Data supplied:
=== Begin Enclosure ===
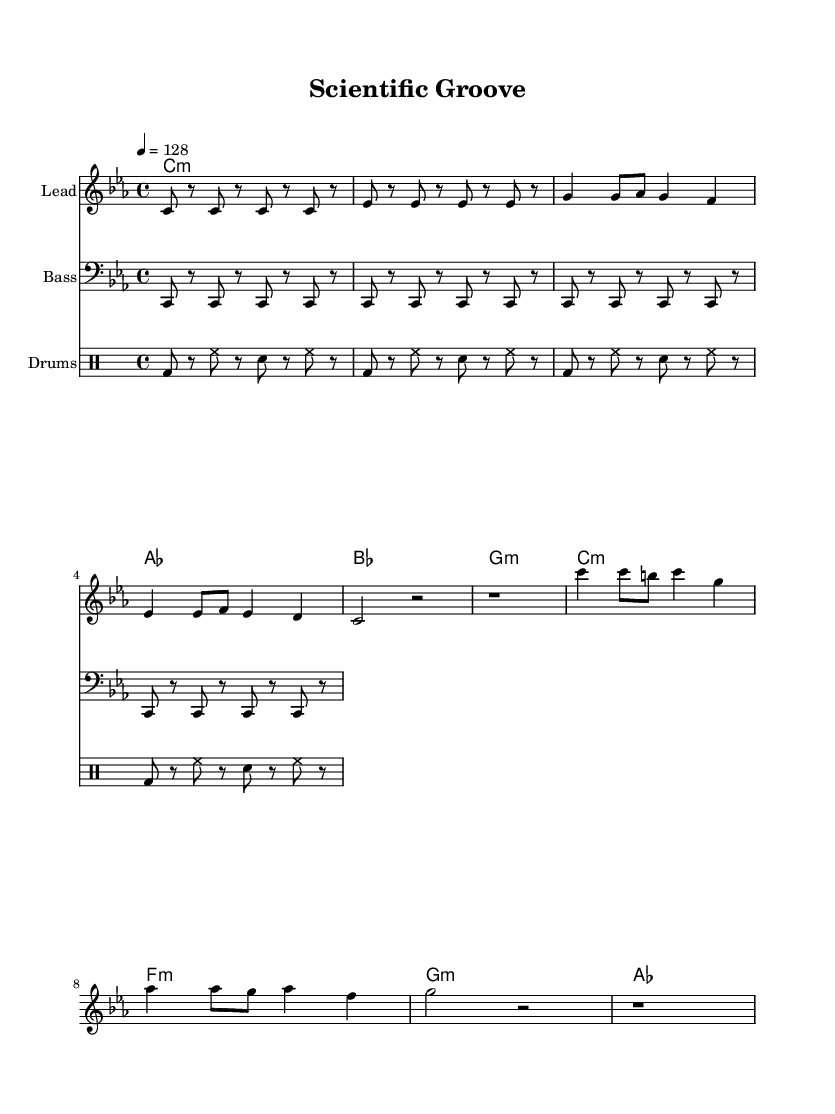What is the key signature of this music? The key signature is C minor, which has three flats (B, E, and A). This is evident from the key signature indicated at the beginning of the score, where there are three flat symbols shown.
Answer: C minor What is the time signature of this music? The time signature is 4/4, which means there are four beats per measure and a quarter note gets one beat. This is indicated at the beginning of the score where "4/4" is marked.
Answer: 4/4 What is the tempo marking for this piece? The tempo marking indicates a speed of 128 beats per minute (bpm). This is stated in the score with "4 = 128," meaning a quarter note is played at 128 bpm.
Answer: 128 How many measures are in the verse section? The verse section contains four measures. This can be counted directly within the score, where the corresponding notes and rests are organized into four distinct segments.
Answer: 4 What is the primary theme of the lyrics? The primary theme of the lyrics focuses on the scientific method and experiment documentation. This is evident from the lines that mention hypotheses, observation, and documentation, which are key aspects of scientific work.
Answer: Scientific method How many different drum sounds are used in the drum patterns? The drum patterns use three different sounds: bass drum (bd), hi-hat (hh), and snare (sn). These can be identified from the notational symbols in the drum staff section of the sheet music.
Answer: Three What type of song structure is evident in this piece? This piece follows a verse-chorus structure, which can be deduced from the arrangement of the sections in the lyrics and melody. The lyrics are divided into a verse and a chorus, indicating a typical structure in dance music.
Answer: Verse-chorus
=== End Enclosure ===
=== Begin Enclosure ===
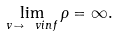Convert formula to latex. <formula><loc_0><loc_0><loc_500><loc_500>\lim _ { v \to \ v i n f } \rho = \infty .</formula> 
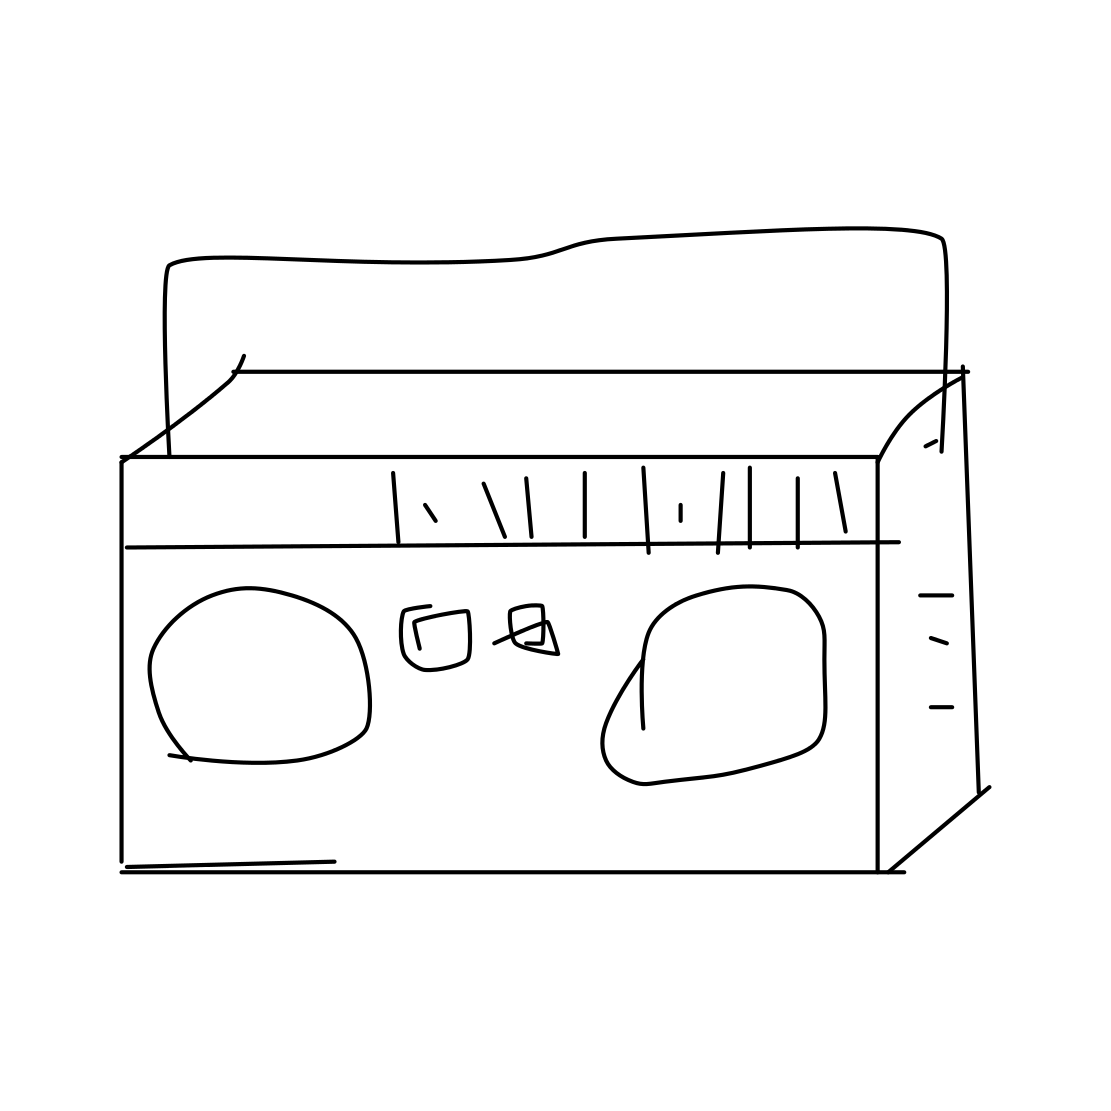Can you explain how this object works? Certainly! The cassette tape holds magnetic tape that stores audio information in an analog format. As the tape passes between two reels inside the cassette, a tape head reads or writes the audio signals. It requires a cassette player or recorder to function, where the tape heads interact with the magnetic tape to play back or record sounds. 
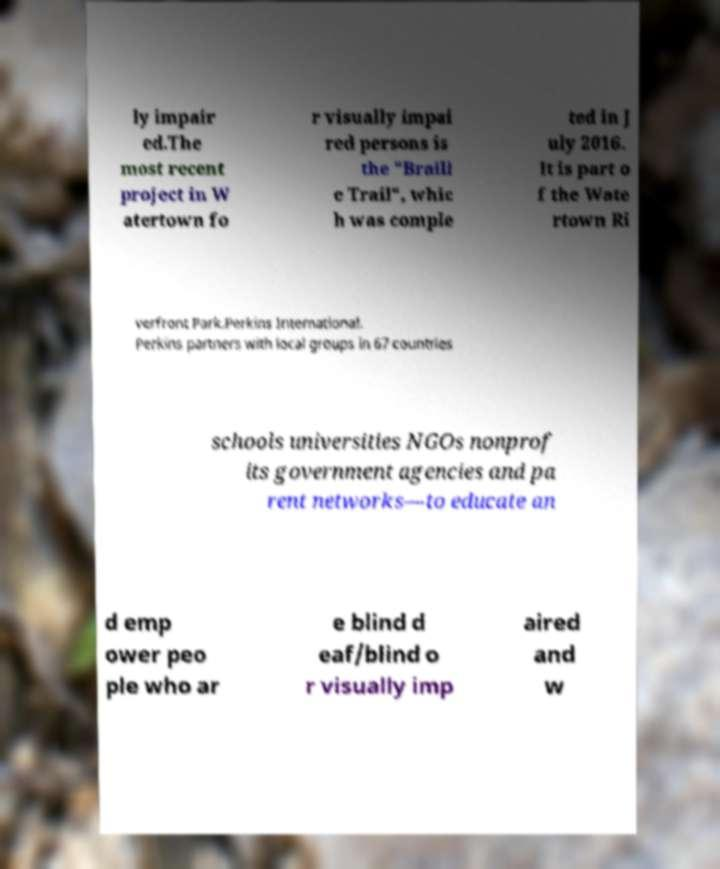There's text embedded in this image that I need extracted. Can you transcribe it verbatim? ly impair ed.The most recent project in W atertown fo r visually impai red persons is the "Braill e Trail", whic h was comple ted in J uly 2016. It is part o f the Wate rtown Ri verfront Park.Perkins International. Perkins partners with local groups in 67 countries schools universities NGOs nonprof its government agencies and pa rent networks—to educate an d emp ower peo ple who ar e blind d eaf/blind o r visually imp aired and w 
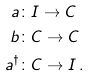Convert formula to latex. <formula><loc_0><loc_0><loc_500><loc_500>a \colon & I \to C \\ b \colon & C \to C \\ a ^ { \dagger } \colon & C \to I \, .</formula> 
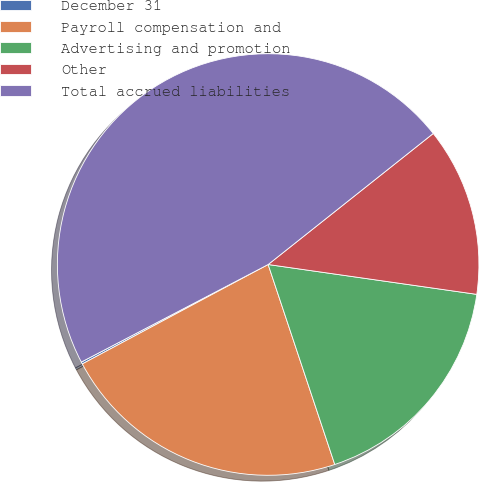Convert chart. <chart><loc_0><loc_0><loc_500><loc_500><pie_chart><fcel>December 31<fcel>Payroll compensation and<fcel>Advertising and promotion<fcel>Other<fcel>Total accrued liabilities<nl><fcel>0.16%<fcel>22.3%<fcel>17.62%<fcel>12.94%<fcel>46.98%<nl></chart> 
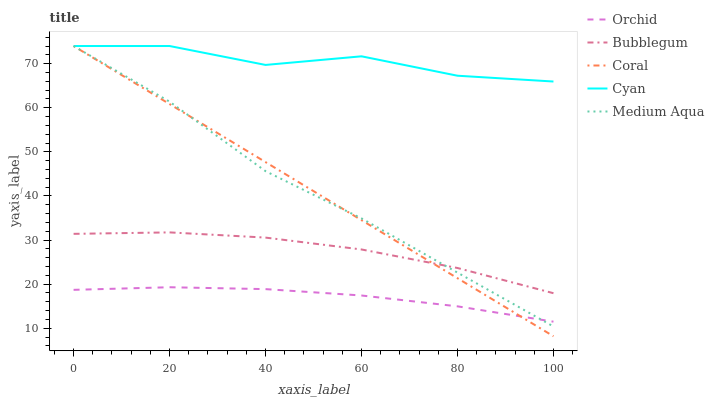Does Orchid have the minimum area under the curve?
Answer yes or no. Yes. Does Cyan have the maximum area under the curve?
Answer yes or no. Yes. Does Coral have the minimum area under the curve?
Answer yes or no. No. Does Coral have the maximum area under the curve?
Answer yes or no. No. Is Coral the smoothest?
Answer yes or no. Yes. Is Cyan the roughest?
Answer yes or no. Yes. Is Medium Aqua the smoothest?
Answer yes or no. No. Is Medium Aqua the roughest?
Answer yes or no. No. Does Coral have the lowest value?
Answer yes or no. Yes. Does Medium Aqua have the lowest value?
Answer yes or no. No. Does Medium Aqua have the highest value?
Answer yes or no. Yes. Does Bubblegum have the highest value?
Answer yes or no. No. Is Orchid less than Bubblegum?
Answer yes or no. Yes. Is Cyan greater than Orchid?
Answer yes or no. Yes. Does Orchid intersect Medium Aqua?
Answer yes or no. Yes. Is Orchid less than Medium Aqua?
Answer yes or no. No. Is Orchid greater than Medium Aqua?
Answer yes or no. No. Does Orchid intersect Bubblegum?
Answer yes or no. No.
=== End Enclosure ===
How to complete this task: In the listing above, find the line containing "to latex. <formula><loc_0><loc_0><loc_500><loc_500>\lim". Output it and every line after it up to and including the line containing "I \, .</formula>", exactly, but skip the pictures.

Answer space:
Convert formula to latex. <formula><loc_0><loc_0><loc_500><loc_500>\lim _ { v \to \ v i n f } \rho = \infty .</formula> 
Can you explain how this object works? Certainly! The cassette tape holds magnetic tape that stores audio information in an analog format. As the tape passes between two reels inside the cassette, a tape head reads or writes the audio signals. It requires a cassette player or recorder to function, where the tape heads interact with the magnetic tape to play back or record sounds. 
There's text embedded in this image that I need extracted. Can you transcribe it verbatim? ly impair ed.The most recent project in W atertown fo r visually impai red persons is the "Braill e Trail", whic h was comple ted in J uly 2016. It is part o f the Wate rtown Ri verfront Park.Perkins International. Perkins partners with local groups in 67 countries schools universities NGOs nonprof its government agencies and pa rent networks—to educate an d emp ower peo ple who ar e blind d eaf/blind o r visually imp aired and w 
Convert formula to latex. <formula><loc_0><loc_0><loc_500><loc_500>a \colon & I \to C \\ b \colon & C \to C \\ a ^ { \dagger } \colon & C \to I \, .</formula> 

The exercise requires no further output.